╔══

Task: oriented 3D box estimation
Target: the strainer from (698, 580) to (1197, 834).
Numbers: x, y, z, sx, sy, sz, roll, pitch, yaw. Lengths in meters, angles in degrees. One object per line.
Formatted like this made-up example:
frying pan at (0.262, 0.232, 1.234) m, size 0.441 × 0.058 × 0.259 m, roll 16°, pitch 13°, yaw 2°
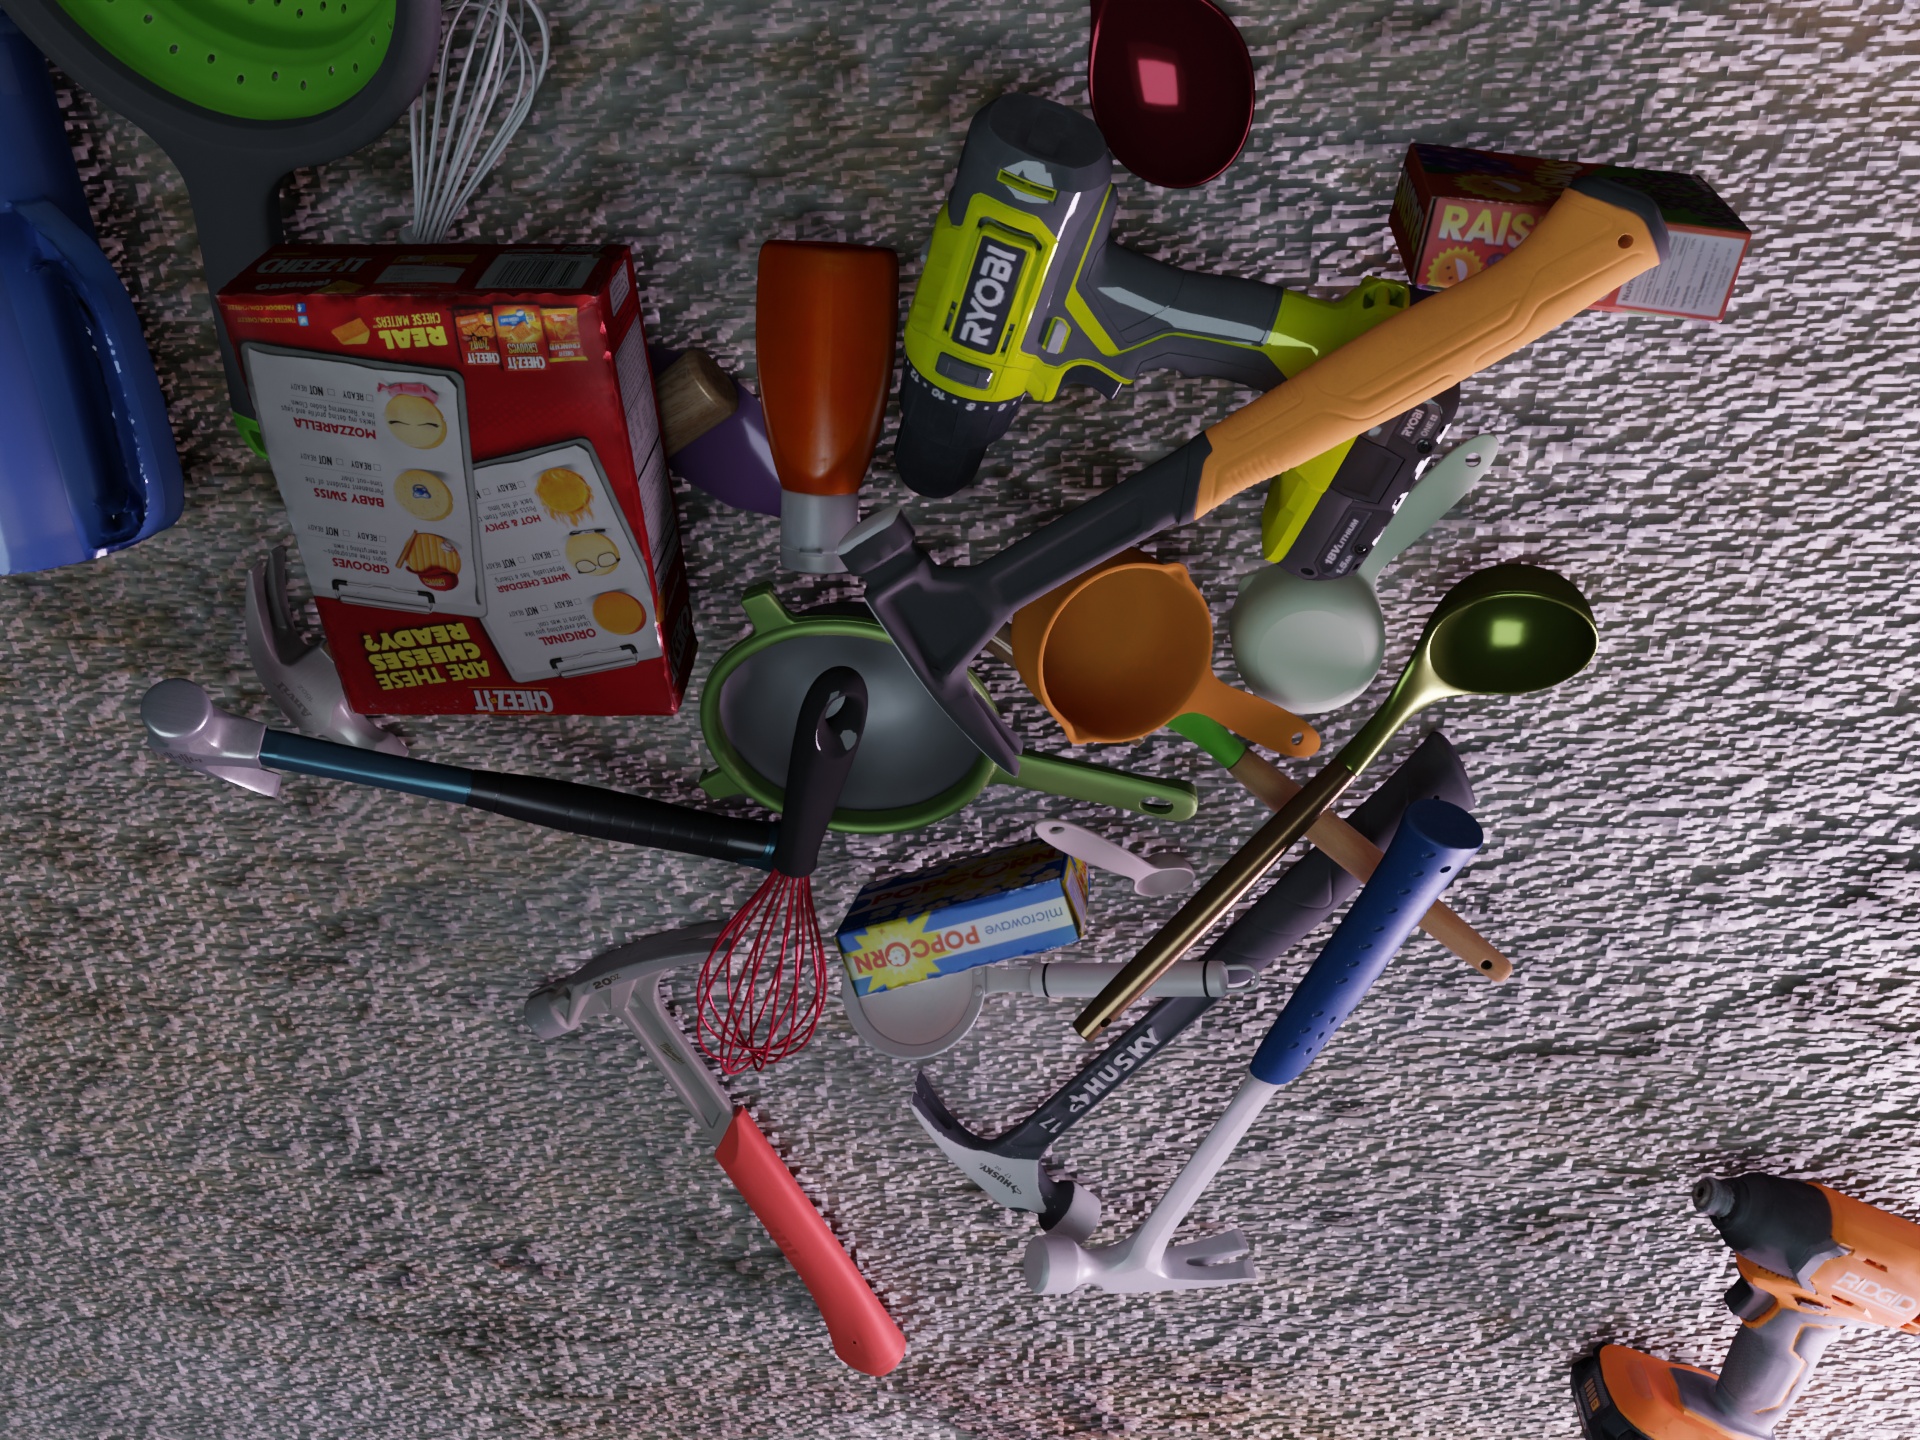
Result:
strainer at (-0.001, -0.003, 0.813) m, size 0.256 × 0.069 × 0.151 m, roll 13°, pitch 135°, yaw -8°

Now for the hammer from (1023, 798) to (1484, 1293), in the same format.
hammer at (0.169, 0.198, 0.868) m, size 0.144 × 0.035 × 0.405 m, roll 8°, pitch 129°, yaw -20°

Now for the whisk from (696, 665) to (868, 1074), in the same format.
whisk at (-0.089, 0.086, 0.825) m, size 0.073 × 0.073 × 0.295 m, roll 17°, pitch 129°, yaw -2°

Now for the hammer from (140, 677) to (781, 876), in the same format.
hammer at (-0.243, 0.038, 0.832) m, size 0.330 × 0.033 × 0.128 m, roll 13°, pitch 166°, yaw -19°

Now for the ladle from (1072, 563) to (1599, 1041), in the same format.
ladle at (0.174, 0.048, 0.769) m, size 0.320 × 0.062 × 0.078 m, roll -46°, pitch 126°, yaw 6°

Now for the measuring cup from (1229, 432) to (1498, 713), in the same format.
measuring cup at (0.197, -0.069, 0.762) m, size 0.083 × 0.038 × 0.167 m, roll 34°, pitch 120°, yaw -12°

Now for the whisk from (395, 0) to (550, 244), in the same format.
whisk at (-0.244, -0.227, 0.732) m, size 0.057 × 0.059 × 0.246 m, roll 9°, pitch 129°, yaw -30°

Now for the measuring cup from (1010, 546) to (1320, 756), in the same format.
measuring cup at (0.100, -0.025, 0.762) m, size 0.173 × 0.052 × 0.095 m, roll 24°, pitch 103°, yaw -30°

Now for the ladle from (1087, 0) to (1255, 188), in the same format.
ladle at (0.028, -0.359, 0.629) m, size 0.069 × 0.031 × 0.315 m, roll -24°, pitch 112°, yaw 24°

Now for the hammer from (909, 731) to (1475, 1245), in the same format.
hammer at (0.131, 0.151, 0.901) m, size 0.149 × 0.036 × 0.409 m, roll 36°, pitch 118°, yaw -11°

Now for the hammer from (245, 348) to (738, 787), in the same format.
hammer at (-0.244, -0.087, 0.810) m, size 0.331 × 0.031 × 0.130 m, roll -30°, pitch 111°, yaw 25°

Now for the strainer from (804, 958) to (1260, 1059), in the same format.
strainer at (0.039, 0.147, 0.887) m, size 0.258 × 0.087 × 0.050 m, roll -4°, pitch 163°, yaw 22°

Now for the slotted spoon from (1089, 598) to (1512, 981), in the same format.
slotted spoon at (0.161, 0.034, 0.807) m, size 0.313 × 0.031 × 0.070 m, roll 39°, pitch 117°, yaw -6°

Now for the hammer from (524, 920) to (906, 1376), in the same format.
hammer at (-0.121, 0.285, 1.012) m, size 0.149 × 0.037 × 0.358 m, roll -21°, pitch 114°, yaw 19°

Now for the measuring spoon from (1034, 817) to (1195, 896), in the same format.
measuring spoon at (0.080, 0.067, 0.842) m, size 0.034 × 0.018 × 0.124 m, roll -31°, pitch 140°, yaw 31°

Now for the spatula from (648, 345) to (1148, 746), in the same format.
spatula at (-0.038, -0.082, 0.780) m, size 0.316 × 0.018 × 0.059 m, roll 35°, pitch 118°, yaw -2°

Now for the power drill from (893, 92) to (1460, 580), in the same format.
power drill at (0.085, -0.148, 0.704) m, size 0.228 × 0.080 × 0.190 m, roll 20°, pitch 137°, yaw -2°

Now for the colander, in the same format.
colander at (-0.306, -0.284, 0.694) m, size 0.204 × 0.095 × 0.396 m, roll 15°, pitch 138°, yaw -1°

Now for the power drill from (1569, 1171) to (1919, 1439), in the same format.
power drill at (0.466, 0.367, 0.954) m, size 0.164 × 0.084 × 0.226 m, roll 24°, pitch 116°, yaw -5°

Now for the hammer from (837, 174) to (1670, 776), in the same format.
hammer at (0.119, -0.102, 0.638) m, size 0.337 × 0.034 × 0.127 m, roll -29°, pitch 108°, yaw 19°

╚══

WHAT YOU SHOULD DO
When you copy the listing above, reproduce every line exactly and skip the images.

PROBLEM SOLUTION
Task: oriented 3D box estimation
Target: the strainer from (698, 580) to (1197, 834).
Numbers: x, y, z, sx, sy, sz, roll, pitch, yaw. Lengths in meters, angles in degrees. One object per line.
Formatted like this made-up example:
frying pan at (0.262, 0.232, 1.234) m, size 0.441 × 0.058 × 0.259 m, roll 16°, pitch 13°, yaw 2°
Result:
strainer at (-0.001, -0.003, 0.813) m, size 0.256 × 0.069 × 0.151 m, roll 13°, pitch 135°, yaw -8°

Now for the hammer from (1023, 798) to (1484, 1293), in the same format.
hammer at (0.169, 0.198, 0.868) m, size 0.144 × 0.035 × 0.405 m, roll 8°, pitch 129°, yaw -20°

Now for the whisk from (696, 665) to (868, 1074), in the same format.
whisk at (-0.089, 0.086, 0.825) m, size 0.073 × 0.073 × 0.295 m, roll 17°, pitch 129°, yaw -2°

Now for the hammer from (140, 677) to (781, 876), in the same format.
hammer at (-0.243, 0.038, 0.832) m, size 0.330 × 0.033 × 0.128 m, roll 13°, pitch 166°, yaw -19°

Now for the ladle from (1072, 563) to (1599, 1041), in the same format.
ladle at (0.174, 0.048, 0.769) m, size 0.320 × 0.062 × 0.078 m, roll -46°, pitch 126°, yaw 6°

Now for the measuring cup from (1229, 432) to (1498, 713), in the same format.
measuring cup at (0.197, -0.069, 0.762) m, size 0.083 × 0.038 × 0.167 m, roll 34°, pitch 120°, yaw -12°

Now for the whisk from (395, 0) to (550, 244), in the same format.
whisk at (-0.244, -0.227, 0.732) m, size 0.057 × 0.059 × 0.246 m, roll 9°, pitch 129°, yaw -30°

Now for the measuring cup from (1010, 546) to (1320, 756), in the same format.
measuring cup at (0.100, -0.025, 0.762) m, size 0.173 × 0.052 × 0.095 m, roll 24°, pitch 103°, yaw -30°

Now for the ladle from (1087, 0) to (1255, 188), in the same format.
ladle at (0.028, -0.359, 0.629) m, size 0.069 × 0.031 × 0.315 m, roll -24°, pitch 112°, yaw 24°

Now for the hammer from (909, 731) to (1475, 1245), in the same format.
hammer at (0.131, 0.151, 0.901) m, size 0.149 × 0.036 × 0.409 m, roll 36°, pitch 118°, yaw -11°

Now for the hammer from (245, 348) to (738, 787), in the same format.
hammer at (-0.244, -0.087, 0.810) m, size 0.331 × 0.031 × 0.130 m, roll -30°, pitch 111°, yaw 25°

Now for the strainer from (804, 958) to (1260, 1059), in the same format.
strainer at (0.039, 0.147, 0.887) m, size 0.258 × 0.087 × 0.050 m, roll -4°, pitch 163°, yaw 22°

Now for the slotted spoon from (1089, 598) to (1512, 981), in the same format.
slotted spoon at (0.161, 0.034, 0.807) m, size 0.313 × 0.031 × 0.070 m, roll 39°, pitch 117°, yaw -6°

Now for the hammer from (524, 920) to (906, 1376), in the same format.
hammer at (-0.121, 0.285, 1.012) m, size 0.149 × 0.037 × 0.358 m, roll -21°, pitch 114°, yaw 19°

Now for the measuring spoon from (1034, 817) to (1195, 896), in the same format.
measuring spoon at (0.080, 0.067, 0.842) m, size 0.034 × 0.018 × 0.124 m, roll -31°, pitch 140°, yaw 31°

Now for the spatula from (648, 345) to (1148, 746), in the same format.
spatula at (-0.038, -0.082, 0.780) m, size 0.316 × 0.018 × 0.059 m, roll 35°, pitch 118°, yaw -2°

Now for the power drill from (893, 92) to (1460, 580), in the same format.
power drill at (0.085, -0.148, 0.704) m, size 0.228 × 0.080 × 0.190 m, roll 20°, pitch 137°, yaw -2°

Now for the colander, in the same format.
colander at (-0.306, -0.284, 0.694) m, size 0.204 × 0.095 × 0.396 m, roll 15°, pitch 138°, yaw -1°

Now for the power drill from (1569, 1171) to (1919, 1439), in the same format.
power drill at (0.466, 0.367, 0.954) m, size 0.164 × 0.084 × 0.226 m, roll 24°, pitch 116°, yaw -5°

Now for the hammer from (837, 174) to (1670, 776), in the same format.
hammer at (0.119, -0.102, 0.638) m, size 0.337 × 0.034 × 0.127 m, roll -29°, pitch 108°, yaw 19°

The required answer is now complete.